В 1975 году продолжается война во Вьетнаме (или какая-то другая война). Луи Саккетти, американский поэт, отбывает срок в исправительной колонии, куда заключен за отказ нести воинскую службу. Налицо параллель с биографией Роберта Лоуэлла, а также отголоски (фонетические) Сакко и Ванцетти. Вдобавок, подобно Данте перед сошествием в ад, главный герой Диша земную жизнь прошел до половины. В дневнике Саккетти излагается, как после двух недель заключения в Спрингфилдской тюрьме его переводят в лагерь Архимед, где ведутся кошмарные (буквально) опыты с препаратами, которые повышают умственные способности, но имеют трагический побочный эффект. Однако наиболее трагичным является мировоззрение, приобретаемое Саккетти и прочими «подопытными кроликами» (большинство из которых принадлежать отбросам общества, наполняющим в военное время гарнизонную тюрьму) под влиянием чудодейственного препарата.
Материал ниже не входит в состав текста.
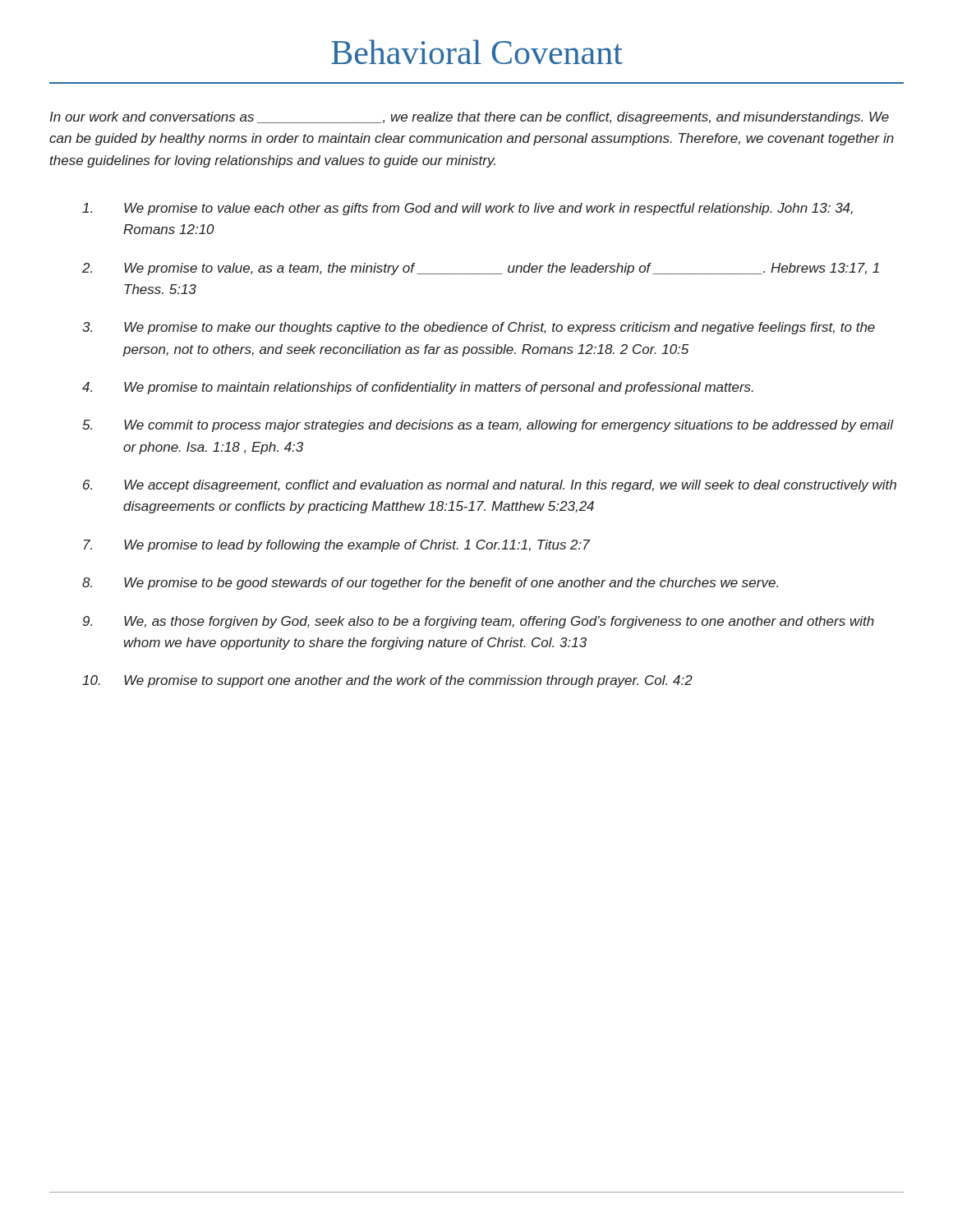Locate the region starting "In our work and"
The width and height of the screenshot is (953, 1232).
tap(472, 139)
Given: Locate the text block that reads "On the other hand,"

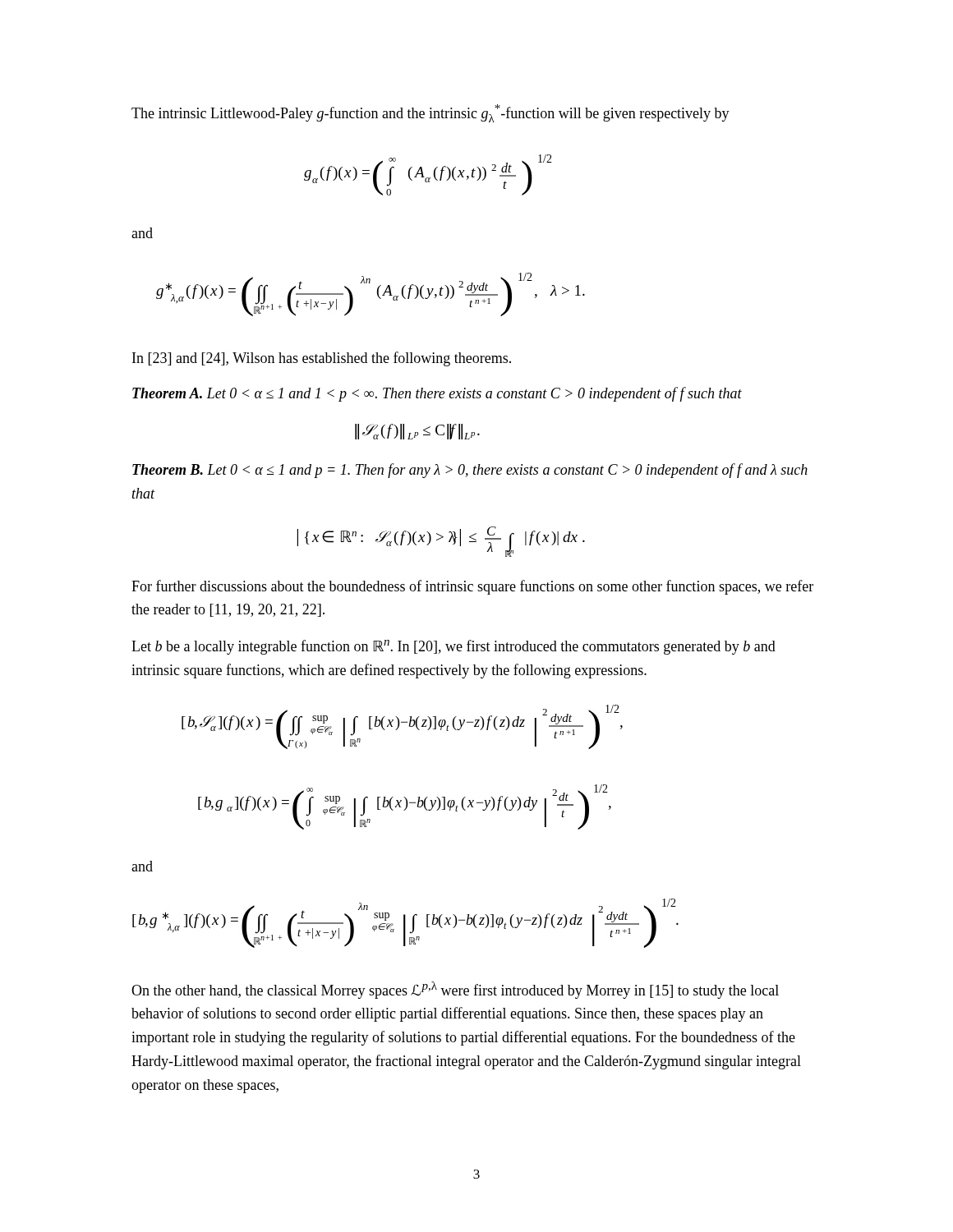Looking at the screenshot, I should point(466,1036).
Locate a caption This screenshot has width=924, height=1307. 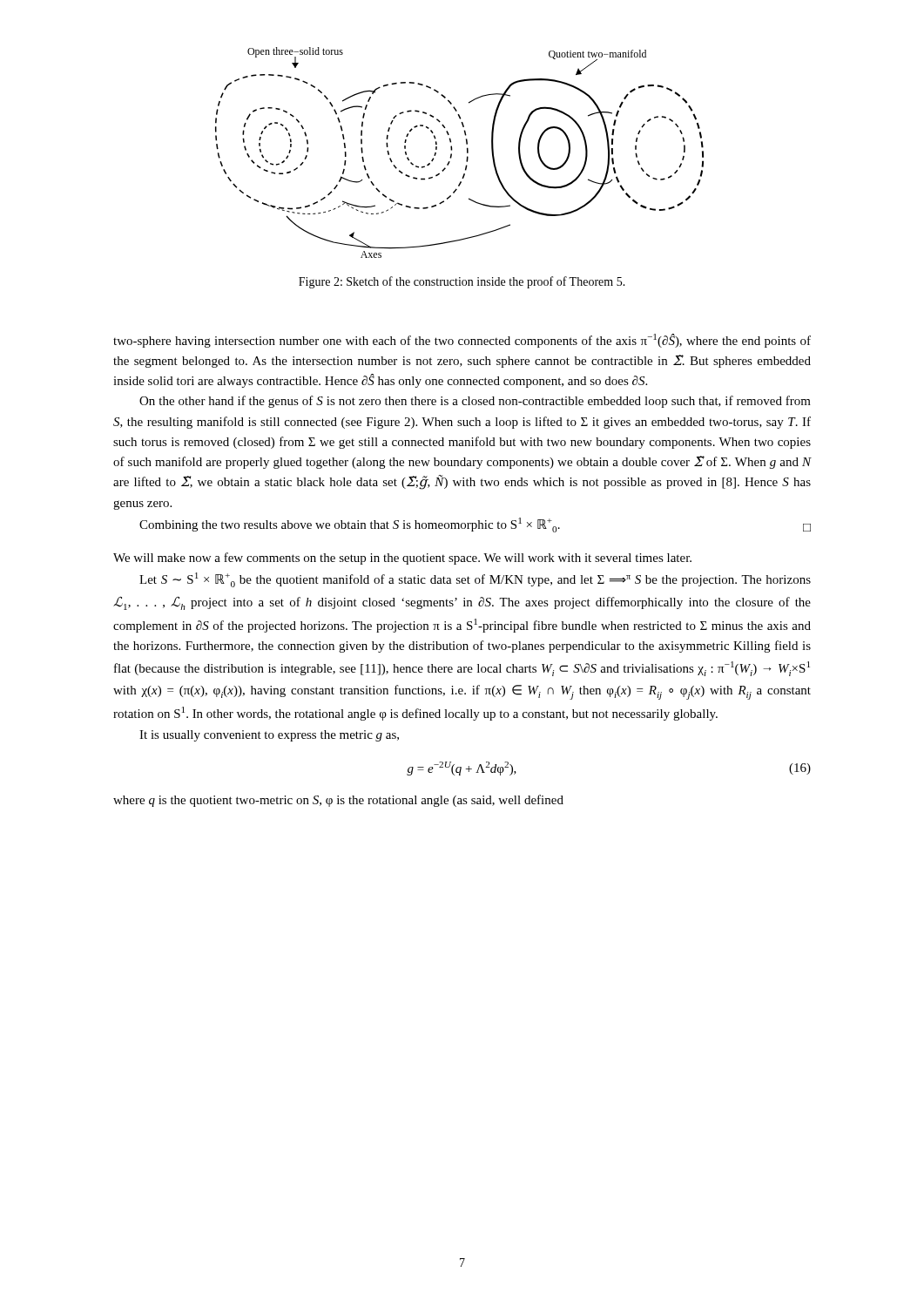[462, 281]

Однажды Саккетти делает в дневнике следующую запись:
«Безысходность... невыразимая безысходность того, что тут вытворяется».
Микрокосм лагеря Архимед — страшная аллегория мучительного приобретения человеком знания о внешнем и внутреннем мире.
Чернокожий заключенный Мордехай, исполняющий в спектакле роль Мефистофеля (заключенному, который руководит постановкой пьесы Марло, а также играет Фауста, Диш иронично присваивает имя Джордж Вагнер [9] ), однажды восклицает незадолго перед тем, как рухнуть в квазиэпилептическом припадке (результат воздействия препарата): «Если в этой вселенной я должен умереть, такая вселенная меня не интересует!»
9
Джордж Вагнер — Вагнером (правда, не Георгом, а Кристофом) зовут слугу и ученика Фауста, который упоминается еще в «Народной книге» Иоганна Шписа (1587).